Aprendizagem com famílias indígenas e caixas de comida atiradas para a selva. Como sobreviveram as crianças 40 dias desaparecidas?

10 jun 2023, 11:21
Crianças desaparecidas há 40 dias na selva colombiana foram resgatadas (Associated Press e Getty Images)

Embora desnutridas, nenhuma das crianças está em estado grave. Acredita-se que os conhecimentos indígenas as podem ter salvado.

Foram 40 dias na selva densa, sem proteção, rodeadas de ameaças e mudanças de temperatura. E mesmo assim sobreviveram: foram este sábado resgatados os quatro irmãos, de 13, 9, 4 anos e um bebé de 11 meses, que estavam há mais de um mês na selva amazónica do sul da Colômbia.

Mas, como conseguiram sobreviver tanto tempo? “É uma incógnita”, diz-nos o comandante Jorge Mendes. Mas o facto de serem crianças é, por si, uma razão. “Quando falamos de crianças, a indicação que temos nas buscas é para esquecer as estatísticas que existem. As crianças têm uma resiliência muito grande, como vimos no sismo na Turquia”. 

As crianças estavam na selva desde 1 de maio, quando o avião onde viajavam caiu. A mãe dos menores, o seu acompanhante e o piloto não resistiram aos ferimentos.

As crianças têm um  grande espírito de improviso, uma mobilidade diferente ao nível ósseo e muscular. E as crianças têm uma outra vantagem que os adultos não têm, a ignorância. Ignoram o perigo que os rodeia, enquanto o adulto está sempre mais em stress e em pânico”, continua. Ainda assim, confessa-nos, “o mais impressionante é uma criança de 11 meses ter sobrevivido, isso deixa toda a gente de boa aberta”.

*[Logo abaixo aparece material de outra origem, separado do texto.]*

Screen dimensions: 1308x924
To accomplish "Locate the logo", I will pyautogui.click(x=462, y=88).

Segundo a imprensa internacional, os conhecimentos indígenas destas crianças parecem ter servido de escudo protetor nos 40 dias que estiveram na selva. Os próprios militares que estiveram nas buscas das quatro crianças (todas membros do povo Huitoto) reconhecem que a criança mais velha, de 13 anos, tinha algum conhecimento de como sobreviver na floresta tropical. 

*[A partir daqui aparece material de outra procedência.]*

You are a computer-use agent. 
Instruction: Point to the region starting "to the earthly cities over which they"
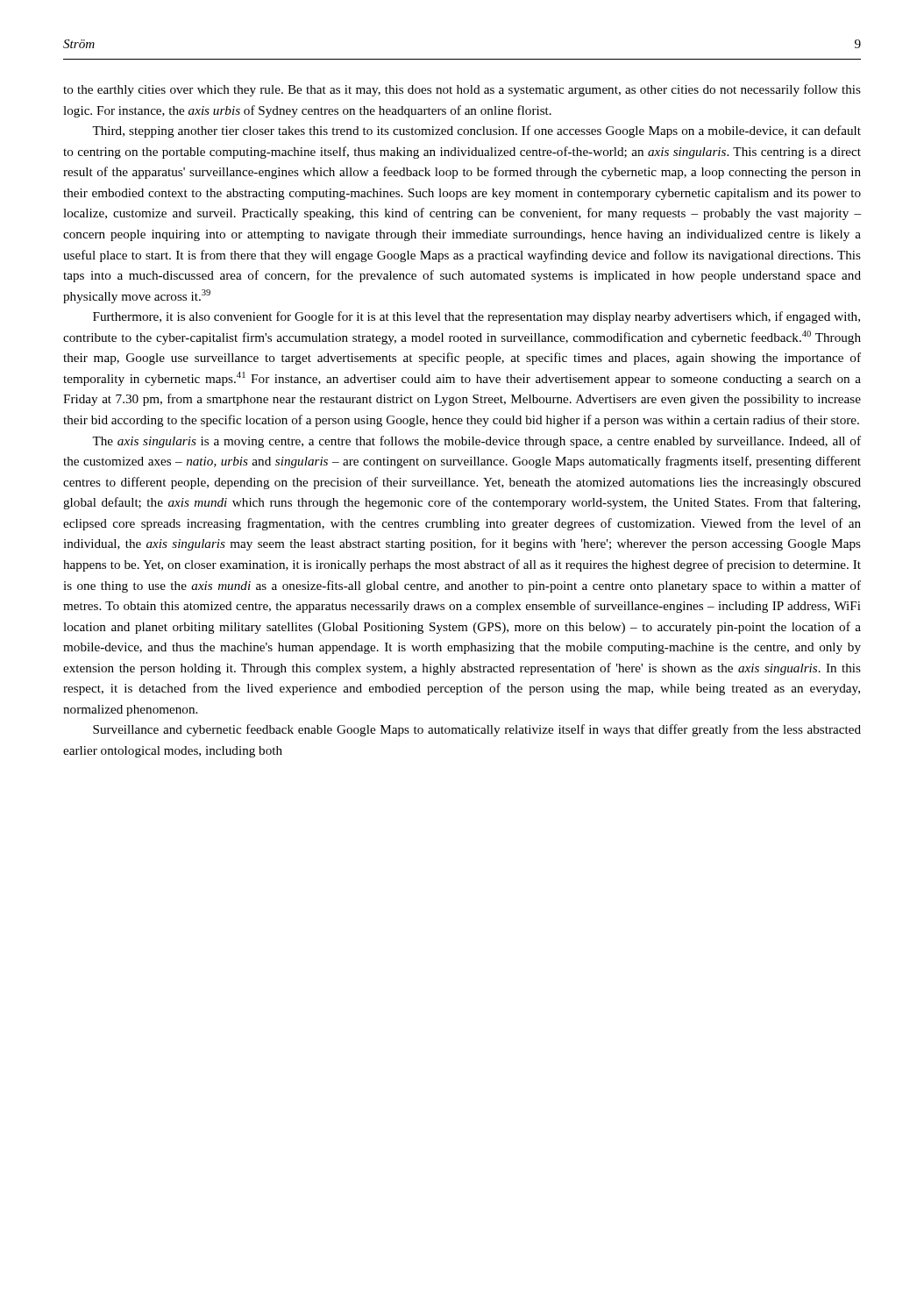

“A aprendizagem com as famílias indígenas e a aprendizagem da vida na selva salvou as crianças”, disse o presidente da Colômbia, Gustavo Petro, citado pela CNN Internacional, reiterando aquilo que John Moreno, um líder indígena da vizinha Vaupes, já tinha comentado ao jornal colombiano Cambio. As crianças foram criadas pela avó, “que é conhecedora da terra indígena de Araracuara”, diz Moreno. E esse “conhecimento tradicional”, assegura, “foi o que os fez sobreviver”, sobretudo contra a iminente ameaça animal - neste tipo de selvas, as cobras são dominantes.

Mas, o que terão comido estas crianças? Não muita coisa, dado o estado de magreza em que foram encontradas. No entanto, diz o The Federal, é possível que tenham alcançado alguns dos kits de comida que foram lançados na selva pelas forças aéreas da Colômbia. Não se sabe, porém, se as crianças comerem ou não os alimentos dessas caixas, mas perto do local onde foram encontradas foi possível ver pedaços de fruta, o que leva a crer que foi um dos alimentos consumidos.

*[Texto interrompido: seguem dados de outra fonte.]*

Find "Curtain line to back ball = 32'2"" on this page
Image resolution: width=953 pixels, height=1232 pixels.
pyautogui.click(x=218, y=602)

Embora desnutridas, nenhuma das crianças estava em estado grave, nem mesmo a mais nova, que celebrou o seu primeiro aniversário na selva, conta o The Guardian

Densidade da selva e falta de meios dificultaram equipas de resgate

As equipas de busca e salvamento da Colômbia atravessaram várias dificuldades ao longo destes 40 dias. Não só pelas condições atmosféricas, mas sobretudo pela natureza da própria selva.

A busca e salvamento naquele contexto é extremamente complicada, uma selva extremamente densa”, explica o comandante Jorge Mendes.

Embora os batedores sejam militares e conheçam bem a selva devido ao combate ao narcotráfico, o especialista diz que faltaram meios para que as buscas fossem mais eficazes: “As equipas chegaram a pedir ajuda via satélite e câmaras térmicas e isso nunca foi possível, sabiam que as crianças poderiam estar vivas, mas não sabiam onde”.

Na procura por estas crianças, as forças militares da Colômbia contaram com a ajuda de comunidades indígenas. Um total de 80 indígenas juntaram-se às buscas na chamada 'Operação Esperança'.

“Quem está no terreno vai ver se há vestígios que indiquem movimentação”, diz. E um dos aspetos que pode ter ajudado na descoberta dos menores, diz o comentador da CNN Portugal, é o uso de “uma técnica de busca e salvamento circular”. “Num avião, que é considerada um ponto de meio, vai-se criando um perímetro para se ir alargando à volta, criando um ciclo, que pode ir de cinco, 10 a 15 metros e vai-se aumentando”, o que, explica, permite localizar pessoas ou objetos, como aconteceu quando detectaram um biberão, tesoura e elásticos do cabelo e mais recentemente bocados de fruta.

O recurso a animais treinados pode também ter sido uma mais-valia neste caso. Acredita-se que Wilson, o cão responsável pela busca e que, de momento, se encontra desaparecido, terá sido o responsável por as autoridades não desistirem das crianças, uma vez que, depois do desaparecimento do animal, teriam sido encontradas pegadas de cão, acompanhadas de pegadas de crianças, o que fez crer às autoridades que o cão tinha encontrado os meninos e estava com eles.